To simplify the problem, power consumption is defined as the number of pumps running, $\mathit{a}$.

The following function is the reward for this environment. To avoid overflowing or emptying the tank, an additional cost is added if the water height is close to the maximum or minimum water levels, ${\mathit{h}}_{\mathrm{max}}$or ${\mathit{h}}_{\mathrm{min}}$, respectively.

$\mathit{r}\left(\mathit{h},\mathit{a}\right)=-10\left(\mathit{h}\ge \left({\mathit{h}}_{\mathrm{max}}-0.1\right)\right)-10\left(\mathit{h}\le 0.1\right)-\mathit{a}$

### Generate Demand Profile

To generate and a water demand profile based on the number of days considered, use the generateWaterDemand function defined at the end of this example.

num_days = 4; % Number of days
[WaterDemand,T_max] = generateWaterDemand(num_days);

View the demand profile.

plot(WaterDemand)

### Open and Configure Model

Open the distribution system Simulink model.

mdl = "watertankscheduling";
open_system(mdl)

In addition to the reinforcement learning agent, a simple baseline controller is defined in the Control law MATLAB Function block. This controller activates a certain number of pumps depending on the water level.
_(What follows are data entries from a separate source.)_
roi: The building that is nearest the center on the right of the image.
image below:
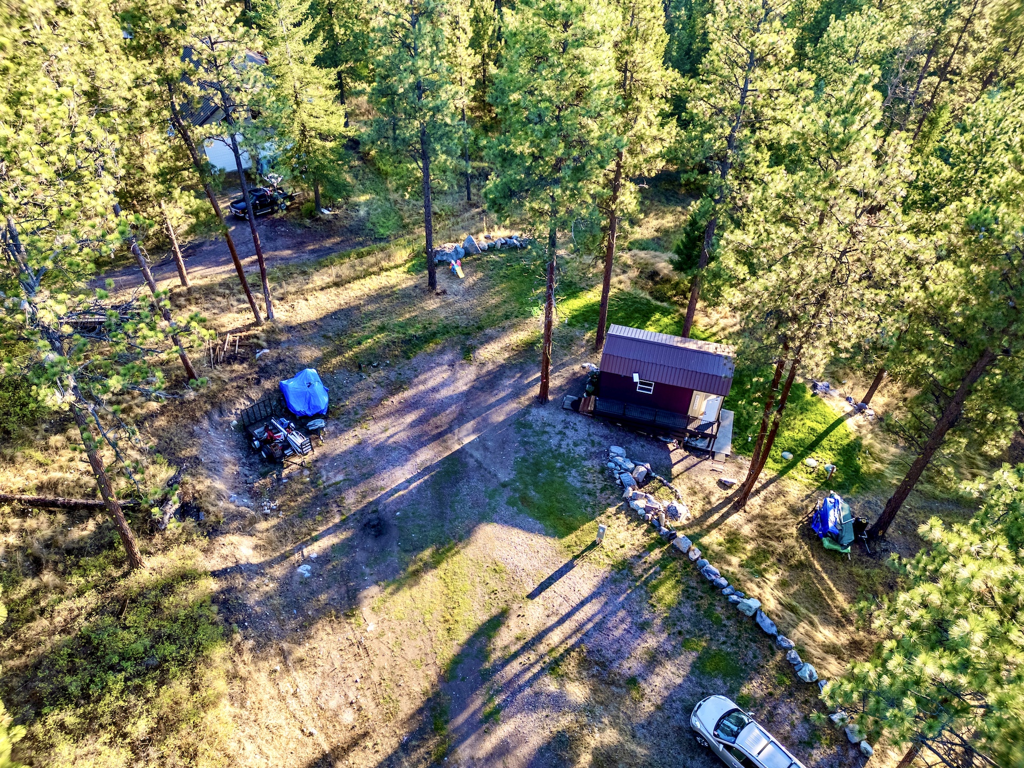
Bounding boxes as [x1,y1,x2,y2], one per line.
[591,325,737,448]
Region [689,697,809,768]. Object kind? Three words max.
car

Specify the initial water height.

h0 = 3; % m

Specify the model parameters.

SampleTime = 0.2;
H_max = 7; % Max tank height (m)
A_tank = 40; % Area of tank (m^2)

### Create Environment Interface for RL Agent

To create an environment interface for the Simulink model, first define the action and observation specifications, actInfo and obsInfo, respectively. The agent action is the selected number of pumps. The agent observation is the water height, which is measured as a continuous-time signal.

actInfo = rlFiniteSetSpec([0,1,2,3]);
obsInfo = rlNumericSpec([1,1]);

Create the environment interface.

Specify a custom reset function, which is defined at the end of this example, that randomizes the initial water height and the water demand. Doing so allows the agent to be trained on different initial water levels and water demand functions for each episode.

env.ResetFcn = @(in)localResetFcn(in);

### Create DQN Agent

A DQN agent approximates the long-term reward, given observations and actions, using a critic Q-value function representation. To create the critic, first create a deep neural network. For more information on creating a deep neural network value function representation, see Create Policies and Value Functions.

% Fix the random generator seed for reproducibility.
rng(0);

Create a deep neural network for the critic. For this example, use a non-recurrent neural network. To use a recurrent neural network, set useLSTM to true.

useLSTM = false;
if useLSTM
layers = [
sequenceInputLayer(obsInfo.Dimension(1),"Name","state","Normalization","none")
fullyConnectedLayer(32,"Name","fc_1")
reluLayer("Name","relu_body1")
lstmLayer(32,"Name","lstm")
fullyConnectedLayer(32,"Name","fc_3")
reluLayer("Name","relu_body3")
fullyConnectedLayer(numel(actInfo.Elements),"Name","output")];
else
layers = [
featureInputLayer(obsInfo.Dimension(1),"Name","state","Normalization","none")
fullyConnectedLayer(32,"Name","fc_1")
reluLayer("Name","relu_body1")
fullyConnectedLayer(32,"Name","fc_2")
reluLayer("Name","relu_body2")
fullyConnectedLayer(32,"Name","fc_3")
reluLayer("Name","relu_body3")
fullyConnectedLayer(numel(actInfo.Elements),"Name","output")];
end

Specify options for creating a critic representation.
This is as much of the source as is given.